Chaos in Dirac electron optics: Emergence of a relativistic quantum chimera

TL;DR

This paper reports a novel quantum scattering phenomenon in 2D Dirac materials where both integrable and chaotic dynamics coexist and are controllable via electrical means, leading to potential spintronic applications.

Contribution

It introduces the concept of a Dirac quantum chimera, demonstrating simultaneous classical-like chaos and integrability in relativistic quantum systems with spin-dependent effects.

Findings

Coexistence of integrable and chaotic dynamics in Dirac electron scattering.

Electrical control over quantum fingerprints related to spin states.

Potential for enhanced spin polarization and spin-selective phenomena.

Abstract

We uncover a remarkable quantum scattering phenomenon in two-dimensional Dirac material systems where the manifestations of both classically integrable and chaotic dynamics emerge simultaneously and are electrically controllable.

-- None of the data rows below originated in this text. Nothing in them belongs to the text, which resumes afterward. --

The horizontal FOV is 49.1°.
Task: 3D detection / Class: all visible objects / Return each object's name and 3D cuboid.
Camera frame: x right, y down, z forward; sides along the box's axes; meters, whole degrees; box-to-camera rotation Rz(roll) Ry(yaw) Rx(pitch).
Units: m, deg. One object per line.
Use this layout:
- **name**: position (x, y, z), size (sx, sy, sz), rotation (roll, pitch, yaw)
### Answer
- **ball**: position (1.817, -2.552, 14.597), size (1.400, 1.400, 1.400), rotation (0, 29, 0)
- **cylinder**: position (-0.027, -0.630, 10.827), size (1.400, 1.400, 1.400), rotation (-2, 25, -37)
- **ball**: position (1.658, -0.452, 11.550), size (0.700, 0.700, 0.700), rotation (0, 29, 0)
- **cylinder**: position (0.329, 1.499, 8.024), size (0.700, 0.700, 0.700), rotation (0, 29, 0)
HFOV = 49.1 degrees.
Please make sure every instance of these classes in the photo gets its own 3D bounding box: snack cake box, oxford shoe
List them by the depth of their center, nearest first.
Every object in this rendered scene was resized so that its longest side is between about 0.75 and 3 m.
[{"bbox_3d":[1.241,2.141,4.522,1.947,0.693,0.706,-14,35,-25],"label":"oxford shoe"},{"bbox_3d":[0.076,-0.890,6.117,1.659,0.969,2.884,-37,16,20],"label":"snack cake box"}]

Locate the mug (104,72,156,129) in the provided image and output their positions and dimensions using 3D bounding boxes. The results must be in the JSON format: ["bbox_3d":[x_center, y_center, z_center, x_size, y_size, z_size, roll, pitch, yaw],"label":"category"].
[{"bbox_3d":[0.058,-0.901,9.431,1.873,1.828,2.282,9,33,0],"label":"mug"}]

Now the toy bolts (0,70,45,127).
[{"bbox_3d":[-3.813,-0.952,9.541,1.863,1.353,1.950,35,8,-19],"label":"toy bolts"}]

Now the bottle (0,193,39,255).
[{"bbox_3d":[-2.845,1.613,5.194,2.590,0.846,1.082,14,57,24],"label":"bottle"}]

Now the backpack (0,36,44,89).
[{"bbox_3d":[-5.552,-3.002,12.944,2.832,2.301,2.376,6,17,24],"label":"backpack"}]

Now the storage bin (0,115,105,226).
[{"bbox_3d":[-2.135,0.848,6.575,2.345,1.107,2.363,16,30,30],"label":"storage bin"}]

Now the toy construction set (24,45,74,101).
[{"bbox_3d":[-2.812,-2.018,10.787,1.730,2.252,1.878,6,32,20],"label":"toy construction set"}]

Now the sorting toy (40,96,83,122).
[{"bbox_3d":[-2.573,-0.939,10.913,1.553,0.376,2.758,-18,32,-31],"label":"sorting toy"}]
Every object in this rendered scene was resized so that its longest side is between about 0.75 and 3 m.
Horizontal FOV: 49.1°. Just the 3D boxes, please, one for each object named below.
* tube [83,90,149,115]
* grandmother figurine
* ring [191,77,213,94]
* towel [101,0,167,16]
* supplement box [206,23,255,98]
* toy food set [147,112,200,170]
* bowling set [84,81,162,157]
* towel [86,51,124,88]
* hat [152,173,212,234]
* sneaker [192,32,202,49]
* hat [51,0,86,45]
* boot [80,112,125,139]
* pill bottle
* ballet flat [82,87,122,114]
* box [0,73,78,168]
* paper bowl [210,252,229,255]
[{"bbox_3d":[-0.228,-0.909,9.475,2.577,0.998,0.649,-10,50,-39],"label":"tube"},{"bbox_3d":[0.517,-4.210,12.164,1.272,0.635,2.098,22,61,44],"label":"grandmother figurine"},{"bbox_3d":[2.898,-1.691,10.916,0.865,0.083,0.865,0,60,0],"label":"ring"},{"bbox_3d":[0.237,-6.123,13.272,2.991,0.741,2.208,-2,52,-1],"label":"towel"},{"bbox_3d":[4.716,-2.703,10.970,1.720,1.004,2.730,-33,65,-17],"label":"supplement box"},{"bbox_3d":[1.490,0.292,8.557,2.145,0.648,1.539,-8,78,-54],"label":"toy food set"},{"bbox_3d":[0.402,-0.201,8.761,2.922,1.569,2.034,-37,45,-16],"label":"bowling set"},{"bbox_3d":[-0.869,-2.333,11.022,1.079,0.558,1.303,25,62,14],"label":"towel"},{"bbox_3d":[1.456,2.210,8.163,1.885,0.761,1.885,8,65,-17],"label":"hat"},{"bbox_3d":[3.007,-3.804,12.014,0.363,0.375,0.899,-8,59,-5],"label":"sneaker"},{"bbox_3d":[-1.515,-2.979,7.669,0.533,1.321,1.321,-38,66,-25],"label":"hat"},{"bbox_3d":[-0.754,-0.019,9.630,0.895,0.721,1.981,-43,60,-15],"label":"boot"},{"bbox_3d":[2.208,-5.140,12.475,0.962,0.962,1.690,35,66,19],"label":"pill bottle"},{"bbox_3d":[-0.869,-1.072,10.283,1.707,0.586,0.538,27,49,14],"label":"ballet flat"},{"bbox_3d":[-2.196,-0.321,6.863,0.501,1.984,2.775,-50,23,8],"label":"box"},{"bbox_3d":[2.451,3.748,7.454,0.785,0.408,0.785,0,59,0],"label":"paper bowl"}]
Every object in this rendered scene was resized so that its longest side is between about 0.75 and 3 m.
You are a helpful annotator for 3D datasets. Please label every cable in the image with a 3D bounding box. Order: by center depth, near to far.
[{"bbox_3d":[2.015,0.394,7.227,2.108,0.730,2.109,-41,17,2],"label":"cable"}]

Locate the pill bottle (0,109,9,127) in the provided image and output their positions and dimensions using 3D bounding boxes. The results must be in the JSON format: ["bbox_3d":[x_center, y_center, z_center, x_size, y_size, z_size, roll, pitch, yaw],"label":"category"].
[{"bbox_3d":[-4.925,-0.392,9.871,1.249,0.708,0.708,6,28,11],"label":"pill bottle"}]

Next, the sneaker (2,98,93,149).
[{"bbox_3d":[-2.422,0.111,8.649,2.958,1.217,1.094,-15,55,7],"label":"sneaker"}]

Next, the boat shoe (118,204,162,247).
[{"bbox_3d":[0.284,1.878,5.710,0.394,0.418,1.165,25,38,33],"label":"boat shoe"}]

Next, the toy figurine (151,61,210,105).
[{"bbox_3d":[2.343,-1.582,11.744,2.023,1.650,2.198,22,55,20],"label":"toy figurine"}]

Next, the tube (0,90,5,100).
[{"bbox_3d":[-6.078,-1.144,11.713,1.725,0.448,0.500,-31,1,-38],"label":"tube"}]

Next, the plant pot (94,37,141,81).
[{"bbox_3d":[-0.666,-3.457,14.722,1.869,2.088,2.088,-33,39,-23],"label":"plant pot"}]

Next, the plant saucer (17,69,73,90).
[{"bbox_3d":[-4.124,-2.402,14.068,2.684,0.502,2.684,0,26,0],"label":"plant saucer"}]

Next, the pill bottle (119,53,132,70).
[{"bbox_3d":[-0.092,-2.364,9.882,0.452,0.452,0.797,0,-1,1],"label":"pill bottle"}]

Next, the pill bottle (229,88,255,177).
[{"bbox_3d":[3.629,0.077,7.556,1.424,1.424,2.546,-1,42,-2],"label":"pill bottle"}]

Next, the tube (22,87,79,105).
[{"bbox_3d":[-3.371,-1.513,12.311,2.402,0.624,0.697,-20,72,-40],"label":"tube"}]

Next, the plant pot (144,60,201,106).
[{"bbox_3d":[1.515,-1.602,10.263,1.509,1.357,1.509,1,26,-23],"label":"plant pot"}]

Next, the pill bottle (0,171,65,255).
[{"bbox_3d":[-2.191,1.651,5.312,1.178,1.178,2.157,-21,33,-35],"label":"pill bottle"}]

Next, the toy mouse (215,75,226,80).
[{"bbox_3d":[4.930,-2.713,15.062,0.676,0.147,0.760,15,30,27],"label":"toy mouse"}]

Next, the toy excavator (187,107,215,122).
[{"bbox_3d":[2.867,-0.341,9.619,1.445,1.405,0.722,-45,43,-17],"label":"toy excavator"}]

The distinct relativistic quantum fingerprints associated with different electron spin states are due to a physical mechanism analogous to chiroptical effect in the presence of degeneracy breaking. The phenomenon mimics a chimera state in classical complex dynamical systems but here in a relativistic quantum setting - henceforth the term "Dirac quantum chimera," associated with which are physical phenomena with potentially significant applications such as enhancement of spin polarization, unusual coexisting quasibound states for distinct spin configurations, and spin selective caustics. Experimental observations of these phenomena are possible through, e.g., optical realizations of ballistic Dirac fermion systems.